[Stored data entries]
┄┄┄┄┄┄┄┄┄┄┄┄┄┄┄┄┄┄┄┄
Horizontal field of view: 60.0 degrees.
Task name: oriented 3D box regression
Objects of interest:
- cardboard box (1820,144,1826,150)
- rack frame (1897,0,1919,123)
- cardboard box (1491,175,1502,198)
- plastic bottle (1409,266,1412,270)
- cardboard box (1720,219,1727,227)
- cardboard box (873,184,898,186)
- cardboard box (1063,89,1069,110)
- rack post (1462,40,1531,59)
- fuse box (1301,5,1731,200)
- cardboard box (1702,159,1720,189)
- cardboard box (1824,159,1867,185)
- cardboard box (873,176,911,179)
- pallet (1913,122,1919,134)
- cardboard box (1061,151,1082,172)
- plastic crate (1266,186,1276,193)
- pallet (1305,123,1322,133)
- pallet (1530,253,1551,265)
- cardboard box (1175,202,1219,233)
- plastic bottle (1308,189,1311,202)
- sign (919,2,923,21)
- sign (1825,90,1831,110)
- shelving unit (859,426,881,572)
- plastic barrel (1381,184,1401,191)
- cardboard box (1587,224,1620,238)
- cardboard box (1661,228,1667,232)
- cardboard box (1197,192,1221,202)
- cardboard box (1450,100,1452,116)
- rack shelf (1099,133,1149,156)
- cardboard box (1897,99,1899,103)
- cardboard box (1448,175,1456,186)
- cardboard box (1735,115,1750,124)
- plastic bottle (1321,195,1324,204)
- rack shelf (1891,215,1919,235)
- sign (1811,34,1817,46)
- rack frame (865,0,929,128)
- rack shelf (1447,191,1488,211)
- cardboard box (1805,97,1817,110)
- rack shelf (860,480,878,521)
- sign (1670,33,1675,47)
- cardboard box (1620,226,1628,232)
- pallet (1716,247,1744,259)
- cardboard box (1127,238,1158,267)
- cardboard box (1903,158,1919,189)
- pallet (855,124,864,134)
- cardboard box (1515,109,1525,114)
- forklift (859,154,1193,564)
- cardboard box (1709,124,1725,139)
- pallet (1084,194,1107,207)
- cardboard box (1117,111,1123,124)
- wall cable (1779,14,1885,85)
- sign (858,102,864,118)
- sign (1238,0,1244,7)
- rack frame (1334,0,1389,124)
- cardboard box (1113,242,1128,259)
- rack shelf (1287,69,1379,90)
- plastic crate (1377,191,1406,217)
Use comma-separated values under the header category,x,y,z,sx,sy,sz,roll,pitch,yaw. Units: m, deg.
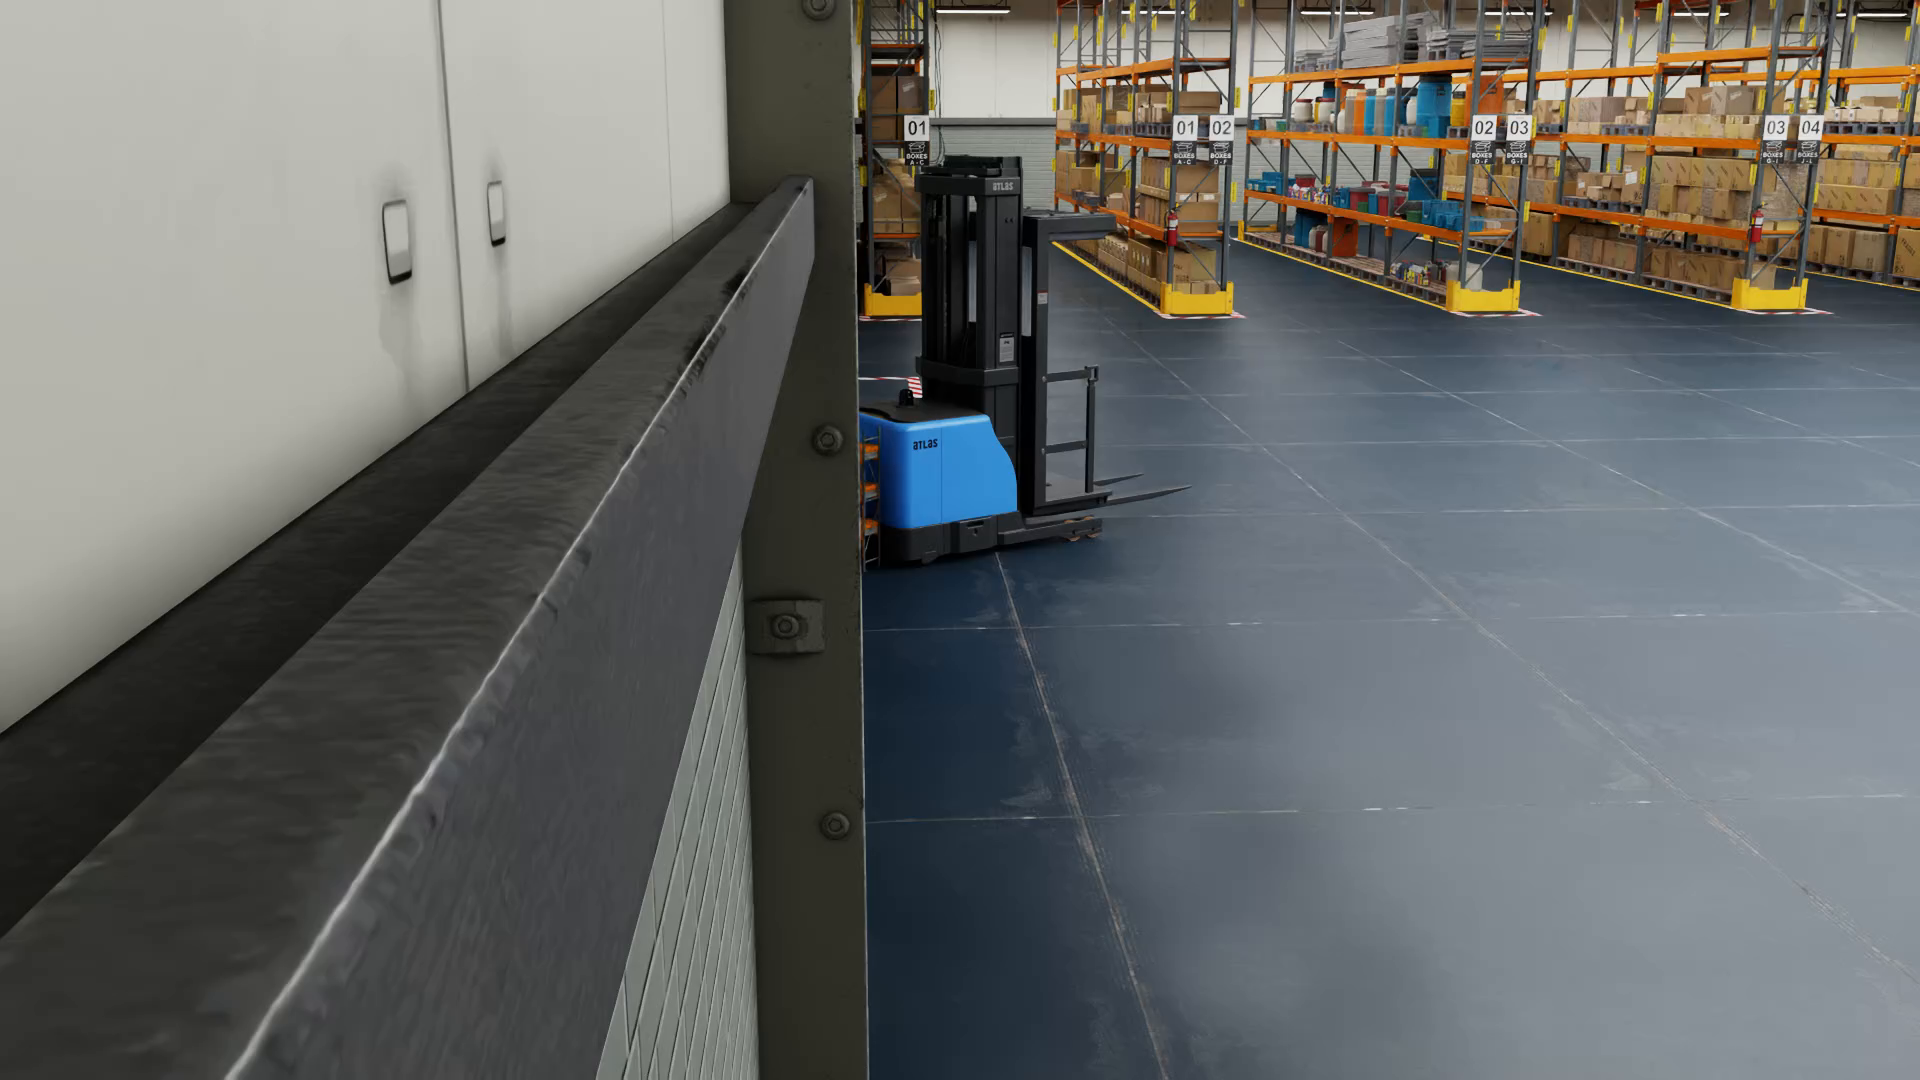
category,x,y,z,sx,sy,sz,roll,pitch,yaw
cardboard box,22.468,-10.166,43.009,0.380,0.149,0.250,0,14,-2
rack frame,22.981,-11.453,39.479,1.000,3.000,0.127,-1,14,-3
cardboard box,12.869,-8.325,39.160,0.500,0.500,0.500,-1,14,-3
plastic bottle,8.336,-4.930,30.760,0.097,0.271,0.097,0,14,0
cardboard box,13.528,-5.542,29.050,0.380,0.149,0.250,-1,14,-3
cardboard box,-1.261,-5.720,27.994,0.500,0.500,0.500,-1,14,-3
cardboard box,2.949,-10.969,41.413,0.700,0.500,0.500,-1,14,-3
rack post,8.970,-8.187,27.789,0.937,0.300,0.954,1,14,3
fuse box,15.073,-11.654,43.135,15.300,4.967,11.253,-1,14,-3
cardboard box,13.487,-6.468,29.342,0.500,0.500,0.500,-1,14,-3
cardboard box,18.379,-7.619,34.410,0.700,0.500,0.500,-1,14,-4
cardboard box,-1.343,-6.866,32.610,0.700,0.500,0.500,1,14,4
pallet,18.582,-7.662,30.945,1.003,0.211,1.213,-1,14,-3
cardboard box,2.785,-9.401,41.337,0.500,0.500,0.500,-1,14,-3
plastic crate,7.738,-8.648,41.026,0.293,0.136,0.466,-1,14,-3
pallet,8.366,-9.204,37.137,1.003,0.211,1.213,-1,14,-3
pallet,13.364,-6.246,36.880,1.003,0.211,1.213,-1,14,-3
cardboard box,3.930,-5.423,27.882,0.700,0.500,0.500,-1,14,-3
plastic bottle,7.853,-7.724,37.261,0.061,0.283,0.133,-1,14,-3
sign,-0.703,-9.575,30.149,0.100,0.325,0.005,-1,14,-3
sign,14.375,-7.294,27.583,0.100,0.325,0.005,-1,14,-3
shelving unit,-0.740,-0.311,12.120,0.252,1.050,0.215,11,18,33
plastic barrel,8.729,-6.926,33.651,0.433,0.535,0.433,0,14,0
cardboard box,13.452,-6.467,34.771,0.500,0.250,0.500,1,14,3
cardboard box,17.693,-7.747,41.396,0.380,0.149,0.250,-1,14,-2
cardboard box,4.136,-5.722,27.741,0.380,0.149,0.250,-1,14,-4
cardboard box,12.928,-11.014,42.548,0.700,0.500,0.500,-2,15,-7
rack shelf,3.574,-7.855,32.958,1.077,0.370,4.000,-1,14,-3
cardboard box,22.865,-10.637,41.077,0.797,0.503,0.637,0,14,1
cardboard box,12.669,-9.083,42.012,0.500,0.250,0.500,-1,14,-5
cardboard box,13.479,-7.180,28.395,0.380,0.149,0.250,-2,15,-6
plastic bottle,7.934,-7.432,36.289,0.097,0.201,0.097,0,14,0
rack shelf,18.666,-5.610,30.256,1.077,0.370,4.000,-1,14,-3
sign,22.179,-12.970,43.182,0.100,0.325,0.005,-1,14,-3
rack frame,-0.998,-8.086,26.394,1.000,3.000,0.127,-1,14,-3
rack shelf,12.966,-8.543,41.655,1.077,0.370,4.000,-1,14,-3
cardboard box,18.512,-9.556,36.390,0.396,0.266,0.258,-1,14,-3
rack shelf,-0.740,-0.301,12.123,0.240,0.259,0.215,11,18,33
sign,18.354,-12.879,42.829,0.100,0.325,0.005,-1,14,-3
cardboard box,17.512,-8.128,43.476,0.380,0.149,0.250,-1,14,-2
pallet,18.175,-6.598,38.245,1.003,0.211,1.213,-1,14,-3
cardboard box,3.414,-5.368,31.039,0.500,0.500,0.500,-1,14,-3
cardboard box,18.531,-6.960,31.588,0.875,0.550,0.550,-1,14,-3
pallet,-1.587,-8.691,35.143,1.213,0.211,1.003,0,14,-1
cardboard box,13.068,-9.733,38.152,0.500,0.311,0.500,-1,14,-5
forklift,0.513,-1.508,13.007,3.031,2.935,1.130,-10,17,-34
cardboard box,13.493,-7.158,29.107,0.500,0.250,0.500,-1,14,-2
pallet,3.338,-7.322,35.850,1.213,0.211,1.003,-1,14,-3
cardboard box,3.534,-8.719,34.333,0.500,0.250,0.500,-2,15,-8
wall cable,25.633,-13.921,48.996,2.988,3.039,0.133,-1,14,-3
sign,-2.048,-8.905,34.401,0.100,0.325,0.005,-1,14,-3
sign,4.500,-8.699,26.586,0.100,0.325,0.005,-1,14,-3
rack frame,8.394,-10.229,34.721,1.000,3.000,0.127,-1,14,-3
cardboard box,3.320,-5.746,32.889,0.500,0.311,0.500,-1,14,-4
rack shelf,8.270,-10.184,36.794,1.077,0.370,4.000,-1,14,-3
plastic crate,8.307,-6.475,32.044,0.402,0.464,0.583,-1,14,-3
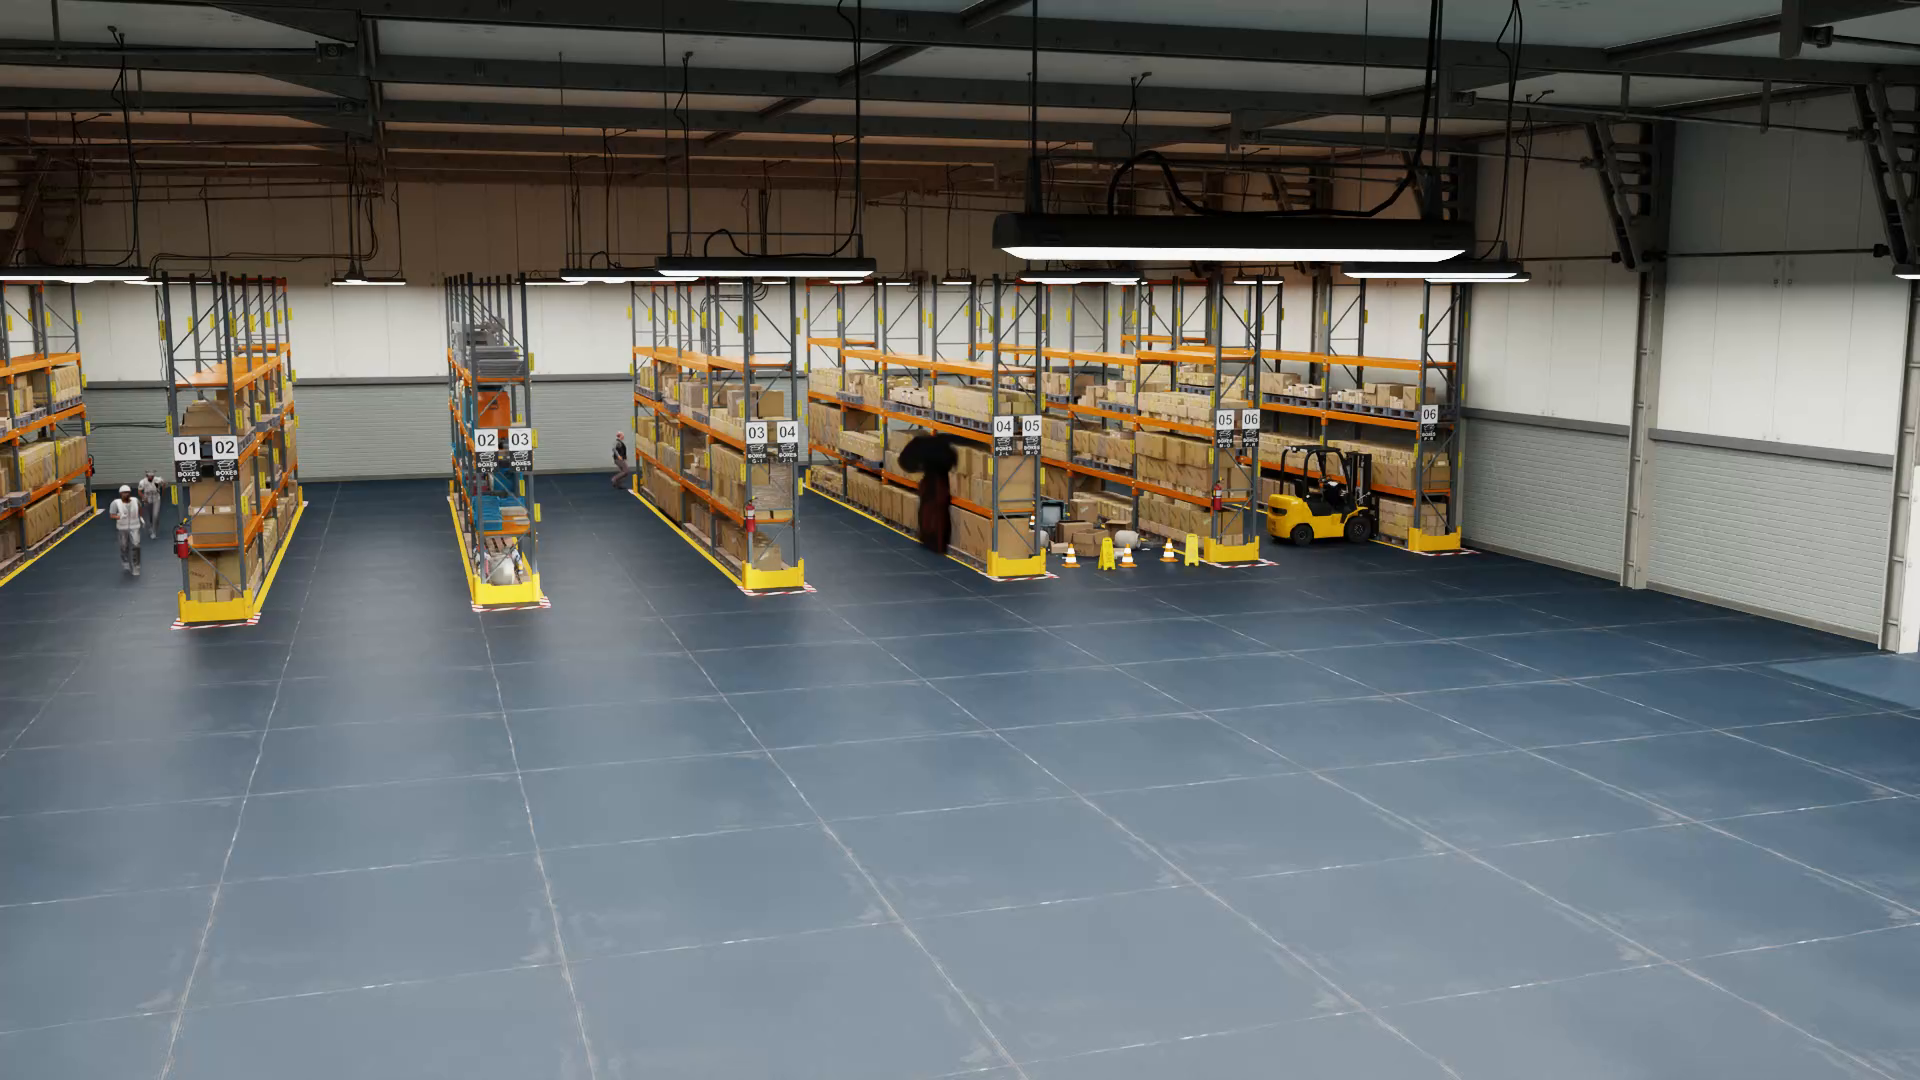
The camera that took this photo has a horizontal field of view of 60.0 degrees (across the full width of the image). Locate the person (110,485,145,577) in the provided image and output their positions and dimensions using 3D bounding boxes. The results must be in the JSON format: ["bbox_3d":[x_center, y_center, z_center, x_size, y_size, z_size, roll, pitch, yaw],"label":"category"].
[{"bbox_3d":[-16.712,-0.190,33.413,0.644,1.843,0.878,-5,10,-30],"label":"person"}]

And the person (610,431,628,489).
[{"bbox_3d":[-9.801,-2.300,47.827,0.527,1.659,0.711,-1,9,-4],"label":"person"}]

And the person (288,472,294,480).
[{"bbox_3d":[-18.371,-1.921,45.000,0.727,1.786,0.630,1,9,10],"label":"person"}]

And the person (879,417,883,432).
[{"bbox_3d":[-2.467,-2.880,51.201,0.850,1.837,0.655,-7,11,-40],"label":"person"}]

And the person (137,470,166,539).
[{"bbox_3d":[-18.786,-0.867,38.681,0.597,1.630,0.966,-5,10,-29],"label":"person"}]
┄┄┄┄┄┄┄┄┄┄┄┄┄┄┄┄┄┄┄┄
§ What the task asks: Retype exactly the lines from the start of the entries through the one with "- cardboard box (1897,99,1899,103)"; include both ends.

§ Completed task:
Horizontal field of view: 60.0 degrees.
Task name: oriented 3D box regression
Objects of interest:
- cardboard box (1820,144,1826,150)
- rack frame (1897,0,1919,123)
- cardboard box (1491,175,1502,198)
- plastic bottle (1409,266,1412,270)
- cardboard box (1720,219,1727,227)
- cardboard box (873,184,898,186)
- cardboard box (1063,89,1069,110)
- rack post (1462,40,1531,59)
- fuse box (1301,5,1731,200)
- cardboard box (1702,159,1720,189)
- cardboard box (1824,159,1867,185)
- cardboard box (873,176,911,179)
- pallet (1913,122,1919,134)
- cardboard box (1061,151,1082,172)
- plastic crate (1266,186,1276,193)
- pallet (1305,123,1322,133)
- pallet (1530,253,1551,265)
- cardboard box (1175,202,1219,233)
- plastic bottle (1308,189,1311,202)
- sign (919,2,923,21)
- sign (1825,90,1831,110)
- shelving unit (859,426,881,572)
- plastic barrel (1381,184,1401,191)
- cardboard box (1587,224,1620,238)
- cardboard box (1661,228,1667,232)
- cardboard box (1197,192,1221,202)
- cardboard box (1450,100,1452,116)
- rack shelf (1099,133,1149,156)
- cardboard box (1897,99,1899,103)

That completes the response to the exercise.